The head of the Pakistani clerics, Mufti Abu Huraira Mohiuddin sent a letter to his Afghan counterpart on Sunday announcing the move. In the letter, a copy of which was obtained by The Associated Press, Mohiuddin accused some Afghan clerics of using “unsavory language” against the Taliban and said the conference was shaping up to be a one-sided attack on the Taliban rather than a conference to press for peace.
The letter appeared to put an end to an initiative that began last November when Kabul and Islamabad announced the plan to hold a peace conference.

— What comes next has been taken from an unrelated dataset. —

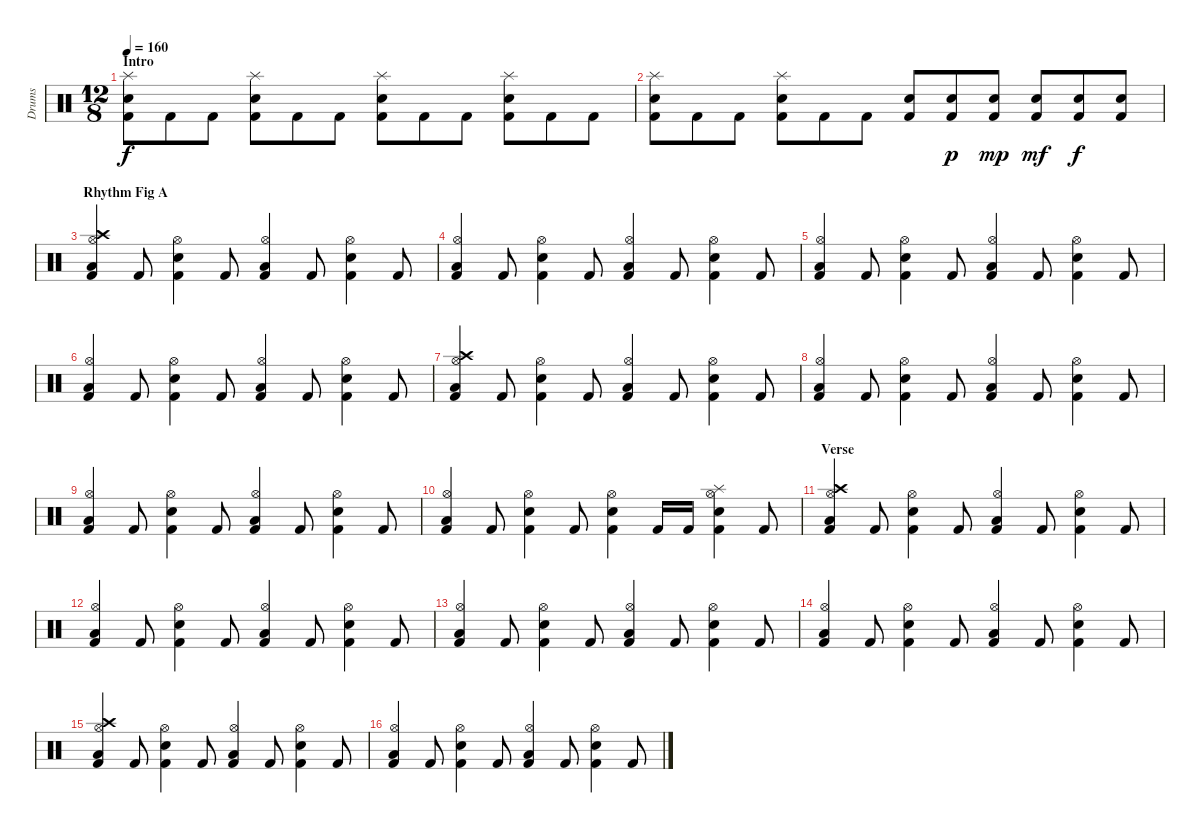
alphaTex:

The ambitious initiative called for 500 clerics from Afghanistan and Pakistan to gather in Kabul in March to present a united front opposing violence, denouncing suicide bombings and urging all sides in the protracted conflict to pursue peace. At the time, the plan was touted as a sign of improving relations between Kabul and Islamabad. But the latest dispute highlights the difficulty of getting the squabbling neighbors to sit together.
Still, Pakistan is seen as key to any peace agreement with Taliban insurgents ahead of the 2014 withdrawal of NATO and U.S. troops from Afghanistan, and it’s believed that Islamabad is the best hope of getting the Taliban to enter into serious negotiations.
The Taliban were given office space in Persian Gulf state of Qatar last year when the U.S. and Taliban opened secret talks. But those discussions stalled after the U.S. refused to release five Taliban from Guantanamo Bay, Cuba.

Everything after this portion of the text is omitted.